He has, but it strikes me as a little passive-aggressive to me. I should know; I've used tactics like that in the past to no good end UNLESS it's provoked questions from my wife and we could then sit down and have a constructive conversation about whatever it is.

Far better to have the conversation before considering lowering the emotional temperature. And I mean the RIGHT conversation:
"This bothers me, and here's my plan of action if it continues."


----------



## 41362 (Dec 14, 2012)

GTdad said:


> He has, but it strikes me as a little passive-aggressive to me. I should know; I've used tactics like that in the past to no good end UNLESS it's provoked questions from my wife and we could then sit down and have a constructive conversation about whatever it is.
> 
> Far better to have the conversation before considering lowering the emotional temperature. And I mean the RIGHT conversation:
> "This bothers me, and here's my plan of action if it continues."


I just re-read his post. Sorry I missed that.

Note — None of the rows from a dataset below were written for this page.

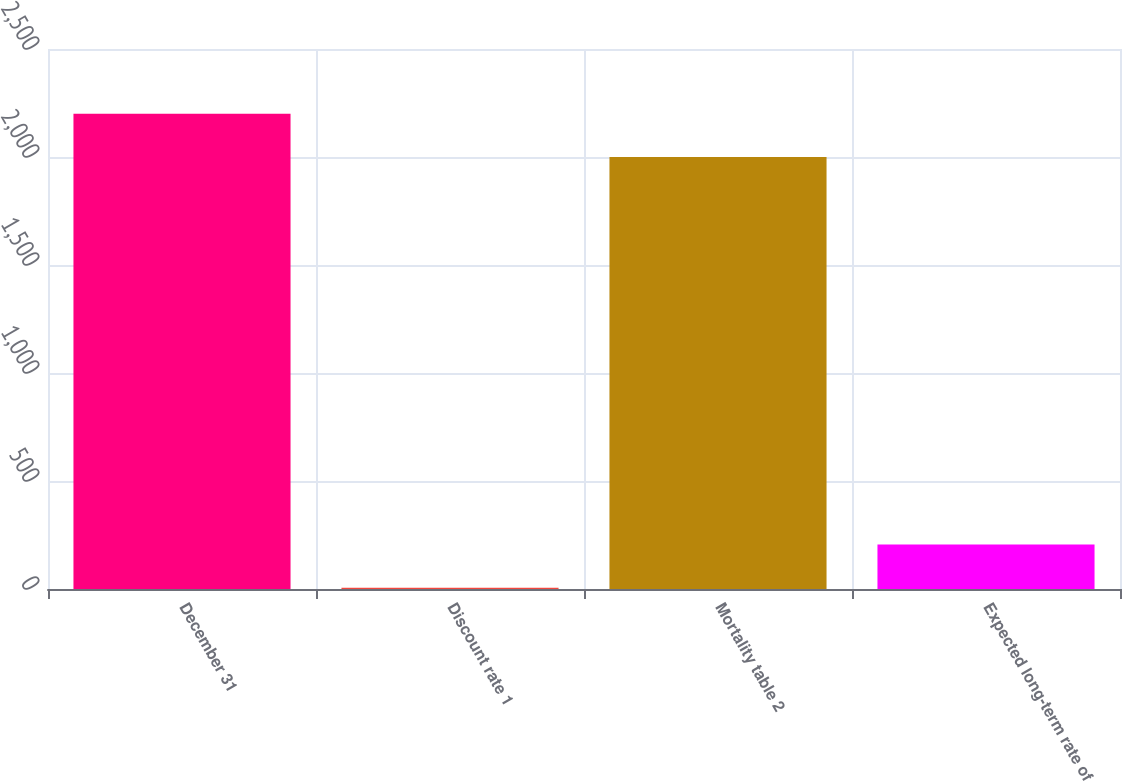Convert chart. <chart><loc_0><loc_0><loc_500><loc_500><bar_chart><fcel>December 31<fcel>Discount rate 1<fcel>Mortality table 2<fcel>Expected long-term rate of<nl><fcel>2200.44<fcel>5.6<fcel>2000<fcel>206.04<nl></chart> 
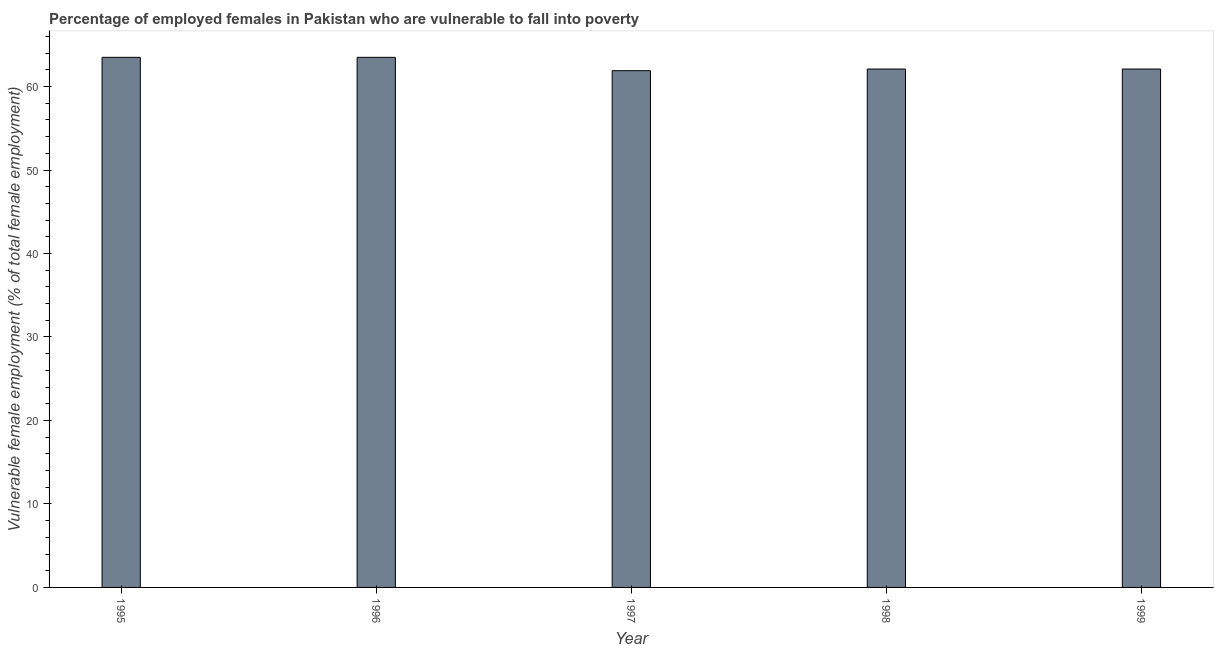Does the graph contain any zero values?
Provide a succinct answer. No. Does the graph contain grids?
Offer a terse response. No. What is the title of the graph?
Your response must be concise. Percentage of employed females in Pakistan who are vulnerable to fall into poverty. What is the label or title of the X-axis?
Provide a succinct answer. Year. What is the label or title of the Y-axis?
Ensure brevity in your answer.  Vulnerable female employment (% of total female employment). What is the percentage of employed females who are vulnerable to fall into poverty in 1999?
Your answer should be very brief. 62.1. Across all years, what is the maximum percentage of employed females who are vulnerable to fall into poverty?
Provide a short and direct response. 63.5. Across all years, what is the minimum percentage of employed females who are vulnerable to fall into poverty?
Provide a short and direct response. 61.9. What is the sum of the percentage of employed females who are vulnerable to fall into poverty?
Provide a short and direct response. 313.1. What is the difference between the percentage of employed females who are vulnerable to fall into poverty in 1995 and 1998?
Provide a succinct answer. 1.4. What is the average percentage of employed females who are vulnerable to fall into poverty per year?
Provide a short and direct response. 62.62. What is the median percentage of employed females who are vulnerable to fall into poverty?
Keep it short and to the point. 62.1. Is the percentage of employed females who are vulnerable to fall into poverty in 1996 less than that in 1997?
Offer a very short reply. No. What is the difference between the highest and the lowest percentage of employed females who are vulnerable to fall into poverty?
Ensure brevity in your answer.  1.6. How many bars are there?
Ensure brevity in your answer.  5. How many years are there in the graph?
Your answer should be compact. 5. What is the difference between two consecutive major ticks on the Y-axis?
Ensure brevity in your answer.  10. Are the values on the major ticks of Y-axis written in scientific E-notation?
Your response must be concise. No. What is the Vulnerable female employment (% of total female employment) in 1995?
Offer a very short reply. 63.5. What is the Vulnerable female employment (% of total female employment) of 1996?
Offer a very short reply. 63.5. What is the Vulnerable female employment (% of total female employment) in 1997?
Provide a short and direct response. 61.9. What is the Vulnerable female employment (% of total female employment) in 1998?
Offer a very short reply. 62.1. What is the Vulnerable female employment (% of total female employment) of 1999?
Give a very brief answer. 62.1. What is the difference between the Vulnerable female employment (% of total female employment) in 1995 and 1998?
Your response must be concise. 1.4. What is the difference between the Vulnerable female employment (% of total female employment) in 1996 and 1997?
Your answer should be compact. 1.6. What is the difference between the Vulnerable female employment (% of total female employment) in 1996 and 1998?
Offer a terse response. 1.4. What is the ratio of the Vulnerable female employment (% of total female employment) in 1995 to that in 1996?
Provide a succinct answer. 1. What is the ratio of the Vulnerable female employment (% of total female employment) in 1995 to that in 1999?
Provide a succinct answer. 1.02. What is the ratio of the Vulnerable female employment (% of total female employment) in 1996 to that in 1998?
Make the answer very short. 1.02. What is the ratio of the Vulnerable female employment (% of total female employment) in 1996 to that in 1999?
Provide a succinct answer. 1.02. What is the ratio of the Vulnerable female employment (% of total female employment) in 1997 to that in 1998?
Your answer should be compact. 1. What is the ratio of the Vulnerable female employment (% of total female employment) in 1998 to that in 1999?
Offer a terse response. 1.

Funny. It wasn't meant to be a passive aggressive ploy when I quit saying it. I really thought that we could have the conversation when she noticed.... that was a year, or so, ago.


----------



## GTdad (Aug 15, 2011)

41362 said:


> I just re-read his post. Sorry I missed that.
> 
> Funny. It wasn't meant to be a passive aggressive ploy when I quit saying it. I really thought that we could have the conversation when she noticed.... that was a year, or so, ago.


After I read your post I went back to look at your story and recalled that I was one of the guys rooting for you. Very inspiring story, and I'm sorry things aren't working out. I hope you'll keep up the physical improvements with or without her.

Give some thought to a new thread. I'd like to see what's going on, and it's even possible we may be able to help.


----------



## 41362 (Dec 14, 2012)

GTdad said:


> After I read your post I went back to look at your story and recalled that I was one of the guys rooting for you. Very inspiring story, and I'm sorry things aren't working out. I hope you'll keep up the physical improvements with or without her.
> 
> Give some thought to a new thread. I'd like to see what's going on, and it's even possible we may be able to help.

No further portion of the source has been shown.